On the Lighter Side . . .

Updated: Mar 15, 2021


From time to time something happening in the world or in the media hits my funny bone in exactly the right place, and I'm moved to commentary, usually accompanied in a culminating sort of way by a very silly poem, most frequently a limerick. Some are short and to the point, some are quite long-winded. Feel free to skip either sort, depending on your mood.



1. Contagion Chic

I’ve always cheerfully adapted to the style dictates of any decade I’ve rafted through, whether it was


bell bottoms in the sixties (and Nehru jackets!) or, in the seventies, granny glasses and mutton chops. In the eighties I slept in pin-striped pajamas, and in the nineties I wore horned-rim banker frames to look like I was a baller in derivatives. And let me tell you about the aughts . . . well, maybe not. I think you get my gist. In the 2020’s one new style element I’ve noticed rapidly gaining in popularity is the surgical face mask. I like it! I saw an old woman at the supermarket today with one on, and I was surprised by how it set off her eyes, which looked worn and worried, yes, but were still pretty striking. As temperatures rise and all sorts of cataclysmic events release famine and plague across the planet, I suspect masks will become even more popular. I look forward to seeing the new designs that are bound to emerge as late-stage capitalism continues to hum along to its own music. Paisley masks? Emoji masks? Masks with the entire periodic table printed on them? Will tattoo artists turn to masks as new venues for their dragons, death-griffons, and vaguely White-Nationalist-looking post-apocalyptic hill-ogres? Who knows?
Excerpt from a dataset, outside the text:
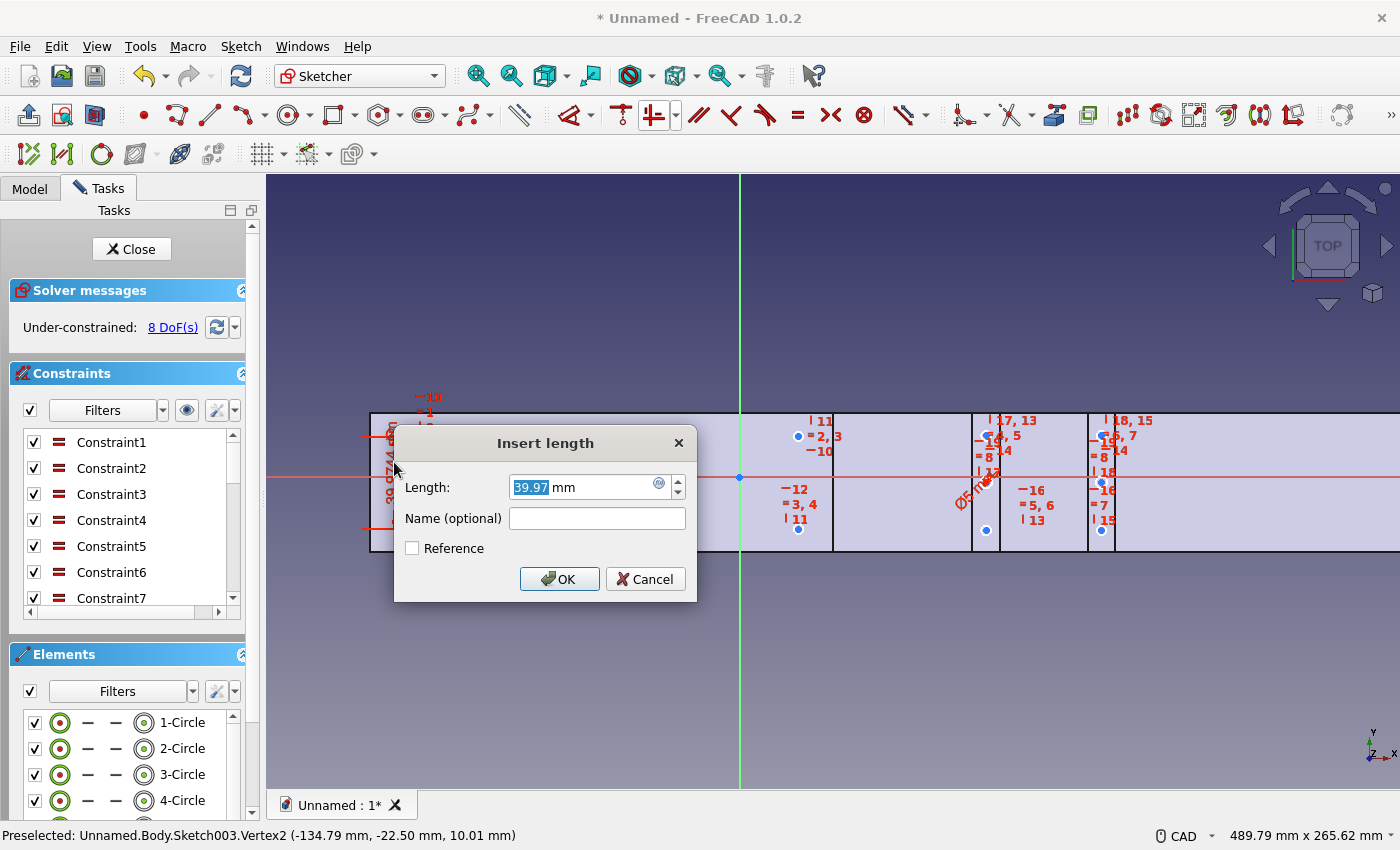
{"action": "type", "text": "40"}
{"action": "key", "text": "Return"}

In any case, I thought I’d write a limerick about how much I like masks.


Here it is.


Ready?


It’s coming . . .



Contagion Chic


A mask is a cool thing to wear.

It lends a mysterious air.

When you’re out on the street,

The people you meet

See only your eyes and your hair.




2. 'Splainin'


Being a man and all, man-splainin' comes pretty naturally to me, and I must admit I enjoy it. You might even say I have an innate talent for it. It’s especially fun on social media because, well, everybody’s ’splainin’ and it’s just this wonderful kind of free for all, and you don't even have to listen to everybody else or say "Yeah" or "Uh-huh" or any of that crap. I mean, nobody can see you since you're on your computer, you know? All by yourself. No party to go to. Again. You can even make childish faces, flip 'em the bird, moon the hell out of your computer screen.
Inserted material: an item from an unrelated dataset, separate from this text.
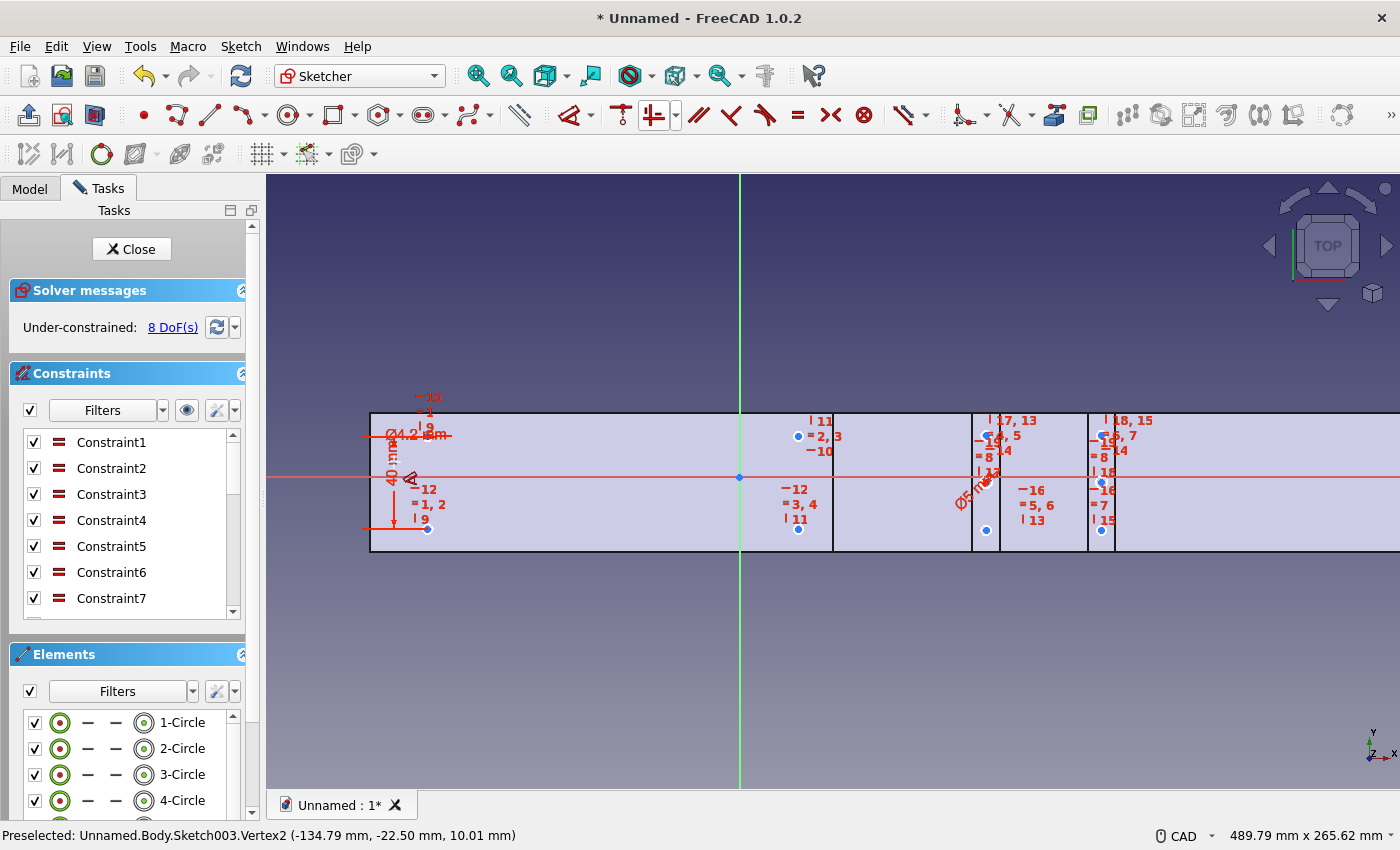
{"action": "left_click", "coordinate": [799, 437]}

None of which, of course, I would ever, ever do. I mean, I'm just sayin', that's all.


Anyway, on social media everybody’s voice is just as loud as everybody else’s, especially if you use all caps and a lot of emojis and gifs, so guess what? Even women are ’splainin’! And that’s a good thing because women sure have a helluva a lot of splainin’ they can do, especially about the male ego, the male need to dominate the discourse, the male need to always be right, etc., etc.


I especially enjoy man ‘splainin’ when women do it because when they do it “man” is not a modifier, but the object of the verb. So I really learn a lot about myself, and it might be improving my personality even, although I doubt it, since that would be an especially tall order and all. My personality is what it is, and, I admit, that’s a shame, but, hey, like so what can you do?


There is one little thing I did do to try and improve. I wrote a limerick telling all men everywhere--okay, really just me--to stop man-splainin all the time and relax and listen to somebody else for once in your life.


I guess you could say I’m man-splainin' to myself.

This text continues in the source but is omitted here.